--- Material for this exercise ---

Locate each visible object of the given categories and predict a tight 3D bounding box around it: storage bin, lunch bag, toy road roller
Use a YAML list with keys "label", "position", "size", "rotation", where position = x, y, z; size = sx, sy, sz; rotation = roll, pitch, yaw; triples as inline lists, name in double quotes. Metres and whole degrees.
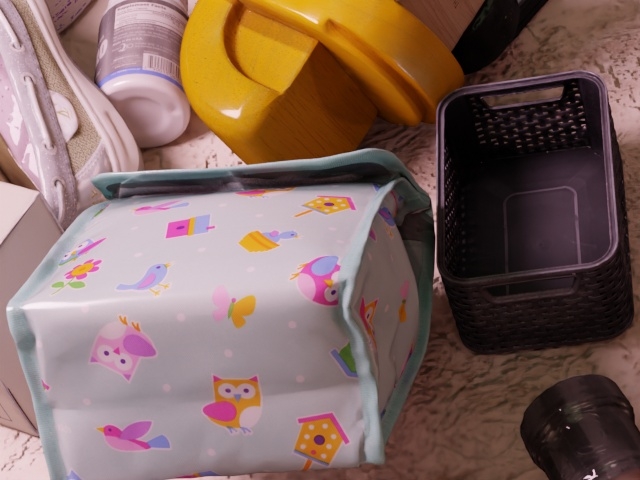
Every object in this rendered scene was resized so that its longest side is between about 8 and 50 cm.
- label: "storage bin"
  position: [0.148, -0.020, 1.348]
  size: [0.122, 0.084, 0.180]
  rotation: [-8, 48, 13]
- label: "lunch bag"
  position: [-0.048, 0.032, 1.231]
  size: [0.223, 0.160, 0.262]
  rotation: [-5, 24, 15]
- label: "toy road roller"
  position: [-0.036, -0.180, 1.465]
  size: [0.329, 0.202, 0.240]
  rotation: [27, 80, 34]

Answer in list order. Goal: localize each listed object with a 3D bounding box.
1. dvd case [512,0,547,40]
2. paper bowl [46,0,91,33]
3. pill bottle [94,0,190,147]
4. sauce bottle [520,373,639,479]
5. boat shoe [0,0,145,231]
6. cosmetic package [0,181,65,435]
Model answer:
- label: "dvd case"
  position: [0.094, -0.250, 1.601]
  size: [0.253, 0.022, 0.180]
  rotation: [26, 63, 33]
- label: "paper bowl"
  position: [-0.332, -0.280, 1.687]
  size: [0.284, 0.148, 0.284]
  rotation: [-9, 50, 11]
- label: "pill bottle"
  position: [-0.141, -0.148, 1.556]
  size: [0.078, 0.078, 0.137]
  rotation: [-10, 48, 10]
- label: "sauce bottle"
  position: [0.211, 0.222, 1.108]
  size: [0.111, 0.111, 0.344]
  rotation: [-23, 46, -2]
- label: "boat shoe"
  position: [-0.263, -0.132, 1.493]
  size: [0.118, 0.103, 0.320]
  rotation: [-47, 71, 30]
- label: "cosmetic package"
  position: [-0.326, 0.020, 1.423]
  size: [0.309, 0.160, 0.113]
  rotation: [14, 56, 27]
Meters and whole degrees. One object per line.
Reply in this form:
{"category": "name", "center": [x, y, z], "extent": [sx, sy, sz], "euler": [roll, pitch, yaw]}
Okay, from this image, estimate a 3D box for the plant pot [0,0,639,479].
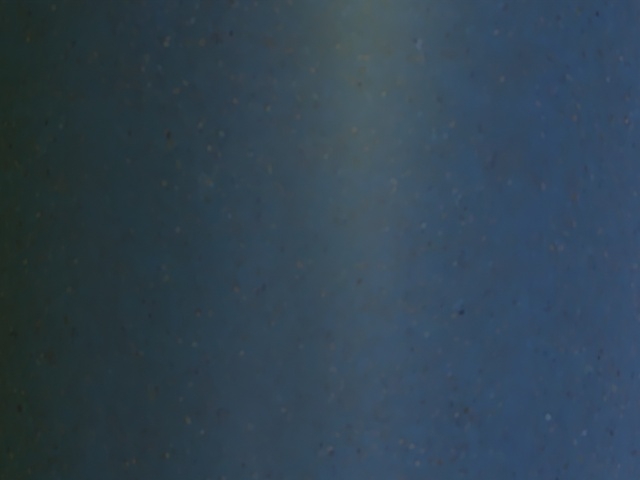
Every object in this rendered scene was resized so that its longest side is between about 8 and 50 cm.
{"category": "plant pot", "center": [0.000, 0.000, 0.532], "extent": [0.341, 0.341, 0.334], "euler": [3, 83, -9]}
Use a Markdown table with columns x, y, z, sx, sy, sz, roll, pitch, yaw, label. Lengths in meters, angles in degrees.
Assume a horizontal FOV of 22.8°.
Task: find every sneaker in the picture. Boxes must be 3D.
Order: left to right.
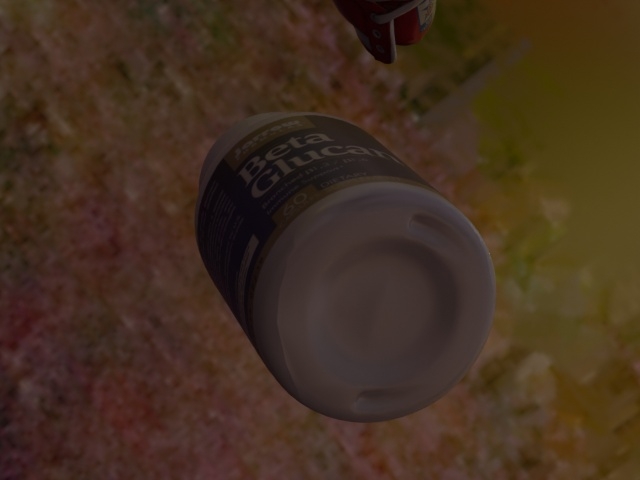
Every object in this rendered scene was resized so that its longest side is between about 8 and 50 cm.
| x | y | z | sx | sy | sz | roll | pitch | yaw | label |
| --- | --- | --- | --- | --- | --- | --- | --- | --- | --- |
| 0.026 | -0.089 | 0.496 | 0.067 | 0.042 | 0.118 | 49 | -7 | -20 | sneaker |

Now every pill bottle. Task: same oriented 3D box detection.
| x | y | z | sx | sy | sz | roll | pitch | yaw | label |
| --- | --- | --- | --- | --- | --- | --- | --- | --- | --- |
| 0.000 | 0.000 | 0.656 | 0.094 | 0.094 | 0.169 | 44 | 2 | -25 | pill bottle |
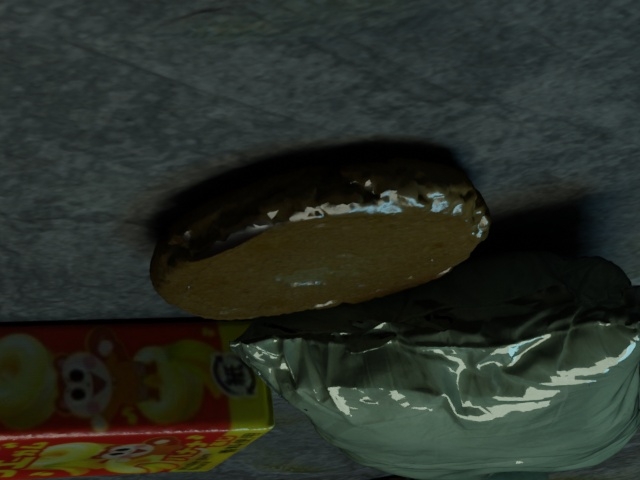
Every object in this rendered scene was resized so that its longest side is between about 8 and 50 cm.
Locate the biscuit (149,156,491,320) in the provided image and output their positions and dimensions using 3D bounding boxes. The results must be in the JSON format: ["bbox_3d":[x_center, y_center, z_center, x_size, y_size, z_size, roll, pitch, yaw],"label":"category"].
[{"bbox_3d":[0.000,0.000,1.149,0.226,0.042,0.226,-10,162,-3],"label":"biscuit"}]

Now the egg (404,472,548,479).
[{"bbox_3d":[0.162,0.259,1.880,0.164,0.131,0.131,-8,163,-29],"label":"egg"}]

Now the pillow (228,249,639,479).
[{"bbox_3d":[0.099,0.096,1.349,0.283,0.138,0.310,-4,162,9],"label":"pillow"}]

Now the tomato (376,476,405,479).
[{"bbox_3d":[0.099,0.341,2.154,0.237,0.095,0.237,-8,162,-3],"label":"tomato"}]

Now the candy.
[{"bbox_3d":[-0.187,0.121,1.351,0.276,0.088,0.146,1,161,-27],"label":"candy"}]
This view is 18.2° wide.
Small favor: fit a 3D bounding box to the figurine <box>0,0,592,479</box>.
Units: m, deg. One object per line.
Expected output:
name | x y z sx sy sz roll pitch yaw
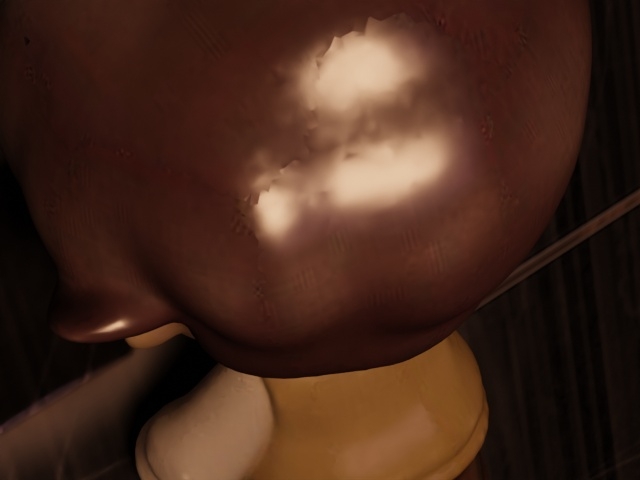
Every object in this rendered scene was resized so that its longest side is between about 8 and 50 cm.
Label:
figurine | -0.005 -0.012 0.772 0.218 0.206 0.365 -17 150 -9
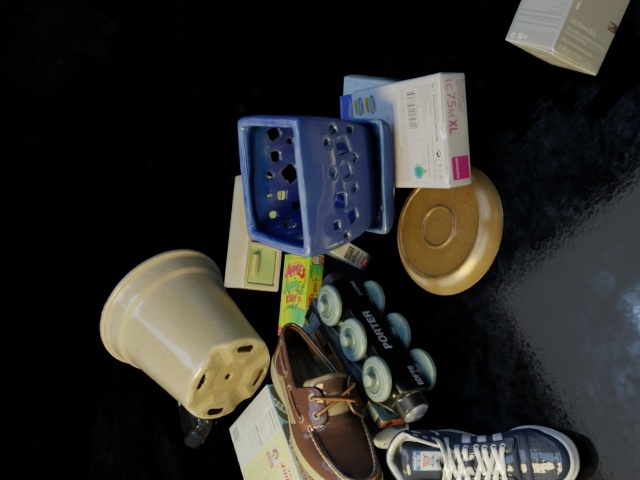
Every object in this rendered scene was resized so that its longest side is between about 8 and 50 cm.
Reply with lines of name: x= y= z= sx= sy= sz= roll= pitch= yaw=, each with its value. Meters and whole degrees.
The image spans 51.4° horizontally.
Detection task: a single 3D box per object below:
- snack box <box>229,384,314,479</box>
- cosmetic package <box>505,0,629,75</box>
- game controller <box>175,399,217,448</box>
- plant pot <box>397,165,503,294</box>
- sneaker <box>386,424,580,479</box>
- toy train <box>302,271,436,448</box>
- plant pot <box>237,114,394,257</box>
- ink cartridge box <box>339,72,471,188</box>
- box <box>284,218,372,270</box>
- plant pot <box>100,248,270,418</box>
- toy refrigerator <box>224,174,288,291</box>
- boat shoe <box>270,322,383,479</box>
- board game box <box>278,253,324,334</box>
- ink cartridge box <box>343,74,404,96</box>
snack box: x=-0.089 y=0.494 z=1.420 sx=0.187 sy=0.060 sz=0.322 roll=-52 pitch=46 yaw=32
cosmetic package: x=0.384 y=-0.379 z=0.970 sx=0.107 sy=0.127 sz=0.238 roll=40 pitch=115 yaw=49
game controller: x=-0.350 y=0.391 z=1.788 sx=0.166 sy=0.067 sz=0.319 roll=-63 pitch=38 yaw=43
plant pot: x=0.216 y=-0.023 z=1.177 sx=0.236 sy=0.032 sz=0.236 roll=-17 pitch=68 yaw=49
sneaker: x=0.224 y=0.327 z=0.986 sx=0.282 sy=0.153 sz=0.099 roll=-17 pitch=69 yaw=49
toy train: x=0.079 y=0.214 z=1.223 sx=0.334 sy=0.142 sz=0.190 roll=56 pitch=138 yaw=38
plant pot: x=0.000 y=-0.114 z=1.200 sx=0.236 sy=0.212 sz=0.236 roll=16 pitch=113 yaw=58
ink cartridge box: x=0.142 y=-0.189 z=1.203 sx=0.311 sy=0.065 sz=0.185 roll=7 pitch=105 yaw=57
box: x=0.000 y=0.000 z=1.375 sx=0.207 sy=0.114 sz=0.036 roll=23 pitch=84 yaw=52
plant pot: x=-0.293 y=0.237 z=1.563 sx=0.305 sy=0.334 sz=0.333 roll=37 pitch=111 yaw=38
toy refrigerator: x=-0.149 y=-0.017 z=1.581 sx=0.094 sy=0.102 sz=0.269 roll=-3 pitch=79 yaw=51
boat shoe: x=0.004 y=0.273 z=1.126 sx=0.342 sy=0.123 sz=0.123 roll=-122 pitch=29 yaw=-47
board game box: x=-0.043 y=0.121 z=1.461 sx=0.092 sy=0.043 sz=0.181 roll=-4 pitch=78 yaw=52
ink cartridge box: x=0.115 y=-0.211 z=1.350 sx=0.189 sy=0.066 sz=0.232 roll=26 pitch=123 yaw=51
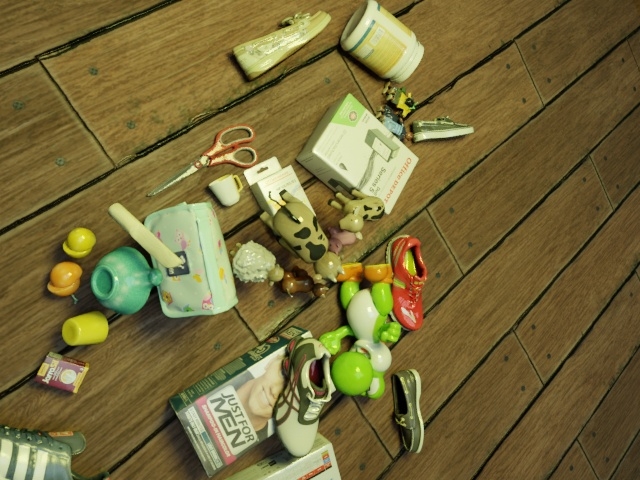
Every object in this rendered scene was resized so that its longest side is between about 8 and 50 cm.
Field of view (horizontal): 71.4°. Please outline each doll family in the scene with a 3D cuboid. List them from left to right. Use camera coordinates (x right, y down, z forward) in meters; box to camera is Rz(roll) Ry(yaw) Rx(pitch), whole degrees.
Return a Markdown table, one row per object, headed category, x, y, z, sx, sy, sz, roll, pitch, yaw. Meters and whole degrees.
| category | x | y | z | sx | sy | sz | roll | pitch | yaw |
| --- | --- | --- | --- | --- | --- | --- | --- | --- | --- |
| doll family | 0.228 | -0.370 | 1.298 | 0.111 | 0.076 | 0.193 | 23 | 83 | -28 |

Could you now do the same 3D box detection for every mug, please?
| category | x | y | z | sx | sy | sz | roll | pitch | yaw |
| --- | --- | --- | --- | --- | --- | --- | --- | --- | --- |
| mug | -0.219 | -0.122 | 1.071 | 0.078 | 0.062 | 0.064 | -32 | 110 | -17 |

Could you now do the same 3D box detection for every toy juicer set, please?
| category | x | y | z | sx | sy | sz | roll | pitch | yaw |
| --- | --- | --- | --- | --- | --- | --- | --- | --- | --- |
| toy juicer set | -0.407 | 0.048 | 0.879 | 0.209 | 0.329 | 0.089 | 58 | 20 | 14 |

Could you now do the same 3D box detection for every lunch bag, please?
| category | x | y | z | sx | sy | sz | roll | pitch | yaw |
| --- | --- | --- | --- | --- | --- | --- | --- | --- | --- |
| lunch bag | -0.268 | 0.038 | 0.925 | 0.160 | 0.262 | 0.223 | -12 | 94 | -26 |

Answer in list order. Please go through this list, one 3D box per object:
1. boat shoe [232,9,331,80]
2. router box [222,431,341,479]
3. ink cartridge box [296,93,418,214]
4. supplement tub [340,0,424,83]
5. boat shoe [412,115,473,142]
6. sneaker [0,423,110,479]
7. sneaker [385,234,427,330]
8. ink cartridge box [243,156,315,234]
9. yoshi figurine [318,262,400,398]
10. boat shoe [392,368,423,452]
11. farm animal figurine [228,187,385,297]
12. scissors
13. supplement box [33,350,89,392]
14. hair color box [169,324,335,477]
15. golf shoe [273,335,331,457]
| category | x | y | z | sx | sy | sz | roll | pitch | yaw |
| --- | --- | --- | --- | --- | --- | --- | --- | --- | --- |
| boat shoe | -0.090 | -0.514 | 1.125 | 0.285 | 0.104 | 0.089 | -43 | 109 | -21 |
| router box | -0.096 | 0.688 | 1.082 | 0.335 | 0.082 | 0.301 | -16 | 95 | -26 |
| ink cartridge box | 0.104 | -0.219 | 1.202 | 0.273 | 0.115 | 0.198 | 36 | 73 | -20 |
| supplement tub | 0.171 | -0.543 | 1.233 | 0.199 | 0.144 | 0.144 | 28 | 76 | -23 |
| boat shoe | 0.377 | -0.346 | 1.364 | 0.219 | 0.078 | 0.070 | -10 | 94 | -25 |
| sneaker | -0.554 | 0.399 | 0.853 | 0.148 | 0.131 | 0.350 | -45 | 112 | -28 |
| sneaker | 0.250 | 0.123 | 1.258 | 0.107 | 0.118 | 0.279 | -9 | 92 | -26 |
| ink cartridge box | -0.103 | -0.117 | 1.124 | 0.104 | 0.061 | 0.181 | -32 | 101 | -24 |
| yoshi figurine | 0.100 | 0.243 | 1.151 | 0.203 | 0.203 | 0.362 | -4 | 92 | -11 |
| boat shoe | 0.241 | 0.484 | 1.263 | 0.068 | 0.081 | 0.228 | 3 | 80 | -23 |
| farm animal figurine | 0.000 | 0.000 | 1.028 | 0.330 | 0.172 | 0.327 | -55 | 138 | 3 |
| scissors | -0.283 | -0.197 | 1.066 | 0.297 | 0.021 | 0.109 | -23 | 100 | -24 |
| supplement box | -0.526 | 0.268 | 0.909 | 0.083 | 0.043 | 0.055 | 26 | 78 | -22 |
| hair color box | -0.153 | 0.364 | 1.056 | 0.347 | 0.105 | 0.174 | -28 | 100 | -25 |
| golf shoe | -0.035 | 0.355 | 0.991 | 0.105 | 0.120 | 0.273 | 4 | 87 | -29 |
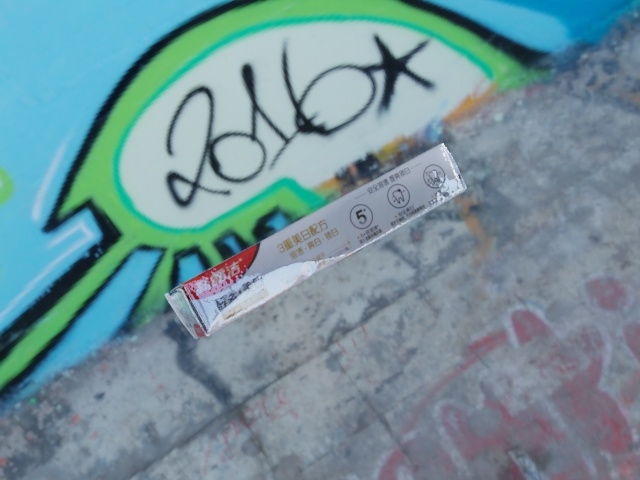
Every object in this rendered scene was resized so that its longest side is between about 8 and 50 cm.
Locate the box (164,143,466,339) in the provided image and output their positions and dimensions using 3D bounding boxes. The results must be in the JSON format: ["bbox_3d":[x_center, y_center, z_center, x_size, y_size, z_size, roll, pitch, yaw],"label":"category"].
[{"bbox_3d":[0.000,0.000,0.678,0.218,0.039,0.055,-29,1,-20],"label":"box"}]
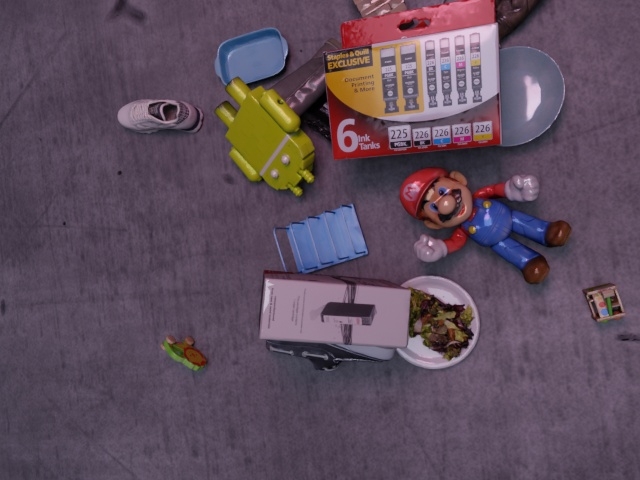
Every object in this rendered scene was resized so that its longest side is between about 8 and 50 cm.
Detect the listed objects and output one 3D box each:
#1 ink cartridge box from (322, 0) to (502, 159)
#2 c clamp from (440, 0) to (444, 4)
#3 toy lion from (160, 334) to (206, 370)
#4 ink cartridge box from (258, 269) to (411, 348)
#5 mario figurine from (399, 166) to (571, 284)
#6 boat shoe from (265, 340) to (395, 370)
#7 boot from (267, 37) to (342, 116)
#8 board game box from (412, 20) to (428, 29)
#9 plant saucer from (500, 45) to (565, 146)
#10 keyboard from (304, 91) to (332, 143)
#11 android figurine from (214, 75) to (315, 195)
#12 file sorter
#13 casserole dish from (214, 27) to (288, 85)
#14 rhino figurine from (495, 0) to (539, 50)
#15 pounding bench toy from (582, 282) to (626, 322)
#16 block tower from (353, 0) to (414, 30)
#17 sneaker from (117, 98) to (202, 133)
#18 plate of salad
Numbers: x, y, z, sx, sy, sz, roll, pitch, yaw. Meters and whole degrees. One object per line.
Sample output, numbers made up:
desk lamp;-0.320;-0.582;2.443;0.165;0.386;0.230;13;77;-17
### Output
ink cartridge box;0.172;-0.302;0.937;0.310;0.130;0.271;-3;102;20
c clamp;0.212;-0.570;1.057;0.161;0.022;0.137;31;96;12
toy lion;-0.324;0.276;1.210;0.034;0.100;0.096;-50;58;10
ink cartridge box;0.020;0.130;0.984;0.273;0.197;0.114;6;90;-7
mario figurine;0.301;-0.037;0.960;0.321;0.170;0.198;26;64;8
boat shoe;0.014;0.235;1.095;0.301;0.108;0.102;9;95;19
boot;-0.003;-0.321;1.082;0.208;0.076;0.189;-41;64;-8
board game box;0.213;-0.328;1.036;0.147;0.045;0.193;-38;75;24
plant saucer;0.379;-0.282;0.994;0.195;0.037;0.194;0;90;29
keyboard;0.014;-0.280;1.132;0.192;0.038;0.100;39;78;15
android figurine;-0.118;-0.217;1.096;0.273;0.056;0.248;50;144;-2
file sorter;0.000;0.000;1.096;0.170;0.104;0.118;-18;86;17
casserole dish;-0.158;-0.425;1.175;0.189;0.037;0.114;-10;88;17
rhino figurine;0.374;-0.463;0.972;0.243;0.106;0.073;-52;50;12
pounding bench toy;0.535;0.121;0.936;0.052;0.083;0.065;-18;85;17
block tower;0.085;-0.579;1.066;0.097;0.091;0.335;-27;83;17
sneaker;-0.411;-0.314;1.229;0.235;0.095;0.090;3;93;19
plate of salad;0.231;0.174;1.054;0.200;0.048;0.199;0;90;18
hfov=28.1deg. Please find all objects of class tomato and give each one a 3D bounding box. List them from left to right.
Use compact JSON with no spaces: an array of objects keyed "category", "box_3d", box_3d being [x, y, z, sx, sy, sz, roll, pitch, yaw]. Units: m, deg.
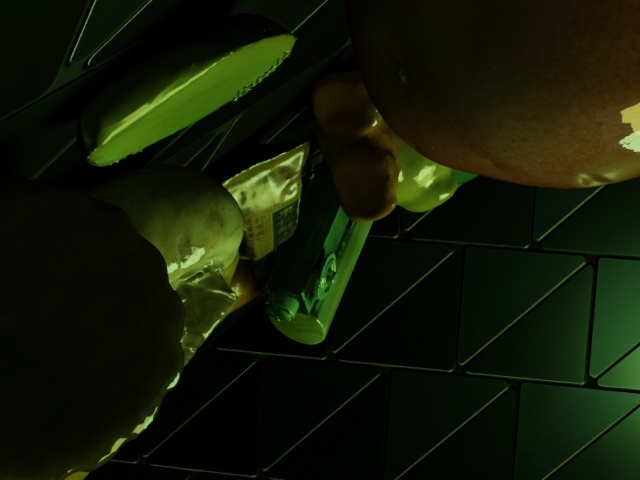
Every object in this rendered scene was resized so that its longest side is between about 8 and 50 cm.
[{"category":"tomato","box_3d":[0.179,-0.189,1.078,0.273,0.341,0.341,-22,167,-29]}]

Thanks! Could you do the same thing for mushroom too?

---

### Required work
Only the lines above starting at the line that holds "#2 c clamp from (440, 0) to (444, 4)" and ending at the line that holds "desk lamp;-0.320;-0.582;2.443;0.165;0.386;0.230;13;77;-17" are to be repeated, exactly and in full.

### Response for this exercise
#2 c clamp from (440, 0) to (444, 4)
#3 toy lion from (160, 334) to (206, 370)
#4 ink cartridge box from (258, 269) to (411, 348)
#5 mario figurine from (399, 166) to (571, 284)
#6 boat shoe from (265, 340) to (395, 370)
#7 boot from (267, 37) to (342, 116)
#8 board game box from (412, 20) to (428, 29)
#9 plant saucer from (500, 45) to (565, 146)
#10 keyboard from (304, 91) to (332, 143)
#11 android figurine from (214, 75) to (315, 195)
#12 file sorter
#13 casserole dish from (214, 27) to (288, 85)
#14 rhino figurine from (495, 0) to (539, 50)
#15 pounding bench toy from (582, 282) to (626, 322)
#16 block tower from (353, 0) to (414, 30)
#17 sneaker from (117, 98) to (202, 133)
#18 plate of salad
Numbers: x, y, z, sx, sy, sz, roll, pitch, yaw. Meters and whole degrees. One object per line.
Sample output, numbers made up:
desk lamp;-0.320;-0.582;2.443;0.165;0.386;0.230;13;77;-17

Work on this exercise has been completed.